Task requirements: In the listing below, locate the lines that hold "Aardenburg" and copy them.

Data for this exercise:
——————
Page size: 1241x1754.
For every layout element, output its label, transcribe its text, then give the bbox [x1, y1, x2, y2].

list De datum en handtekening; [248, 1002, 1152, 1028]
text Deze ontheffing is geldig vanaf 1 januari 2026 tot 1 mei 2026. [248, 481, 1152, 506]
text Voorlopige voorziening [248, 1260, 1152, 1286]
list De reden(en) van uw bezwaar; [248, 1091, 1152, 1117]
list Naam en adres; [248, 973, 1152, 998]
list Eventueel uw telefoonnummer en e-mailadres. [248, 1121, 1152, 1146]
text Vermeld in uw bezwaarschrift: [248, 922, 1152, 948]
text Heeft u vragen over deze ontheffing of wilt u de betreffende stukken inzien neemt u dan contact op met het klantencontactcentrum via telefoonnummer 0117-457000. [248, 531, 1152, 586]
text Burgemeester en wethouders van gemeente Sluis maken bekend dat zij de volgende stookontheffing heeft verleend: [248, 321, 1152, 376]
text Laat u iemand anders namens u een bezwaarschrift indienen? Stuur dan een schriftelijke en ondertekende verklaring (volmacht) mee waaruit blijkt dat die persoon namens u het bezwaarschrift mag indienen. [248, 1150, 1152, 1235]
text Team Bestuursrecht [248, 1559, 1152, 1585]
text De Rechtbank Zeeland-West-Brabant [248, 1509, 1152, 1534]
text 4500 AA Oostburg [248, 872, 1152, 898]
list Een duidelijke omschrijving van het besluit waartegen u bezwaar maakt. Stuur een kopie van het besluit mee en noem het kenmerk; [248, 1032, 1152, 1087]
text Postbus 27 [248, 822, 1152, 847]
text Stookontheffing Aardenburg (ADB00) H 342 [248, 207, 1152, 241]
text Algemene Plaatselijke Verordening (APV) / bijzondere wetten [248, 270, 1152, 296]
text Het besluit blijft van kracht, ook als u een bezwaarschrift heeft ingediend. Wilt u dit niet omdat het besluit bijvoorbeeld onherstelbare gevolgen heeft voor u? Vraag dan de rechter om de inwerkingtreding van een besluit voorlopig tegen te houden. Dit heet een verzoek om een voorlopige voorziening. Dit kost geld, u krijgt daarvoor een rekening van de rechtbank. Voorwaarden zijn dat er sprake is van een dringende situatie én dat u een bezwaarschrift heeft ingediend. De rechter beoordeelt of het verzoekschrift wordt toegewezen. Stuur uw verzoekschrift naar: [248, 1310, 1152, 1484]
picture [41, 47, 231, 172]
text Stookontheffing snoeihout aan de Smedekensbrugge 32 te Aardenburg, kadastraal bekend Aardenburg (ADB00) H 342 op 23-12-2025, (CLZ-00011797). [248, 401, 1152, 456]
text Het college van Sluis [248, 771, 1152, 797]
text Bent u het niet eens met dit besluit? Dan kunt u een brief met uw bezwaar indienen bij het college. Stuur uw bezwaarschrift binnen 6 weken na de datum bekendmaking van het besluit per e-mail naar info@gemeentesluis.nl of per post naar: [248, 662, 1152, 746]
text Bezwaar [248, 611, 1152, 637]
——————
The answer:
text Stookontheffing Aardenburg (ADB00) H 342 [248, 207, 1152, 241]
text Stookontheffing snoeihout aan de Smedekensbrugge 32 te Aardenburg, kadastraal bekend Aardenburg (ADB00) H 342 op 23-12-2025, (CLZ-00011797). [248, 401, 1152, 456]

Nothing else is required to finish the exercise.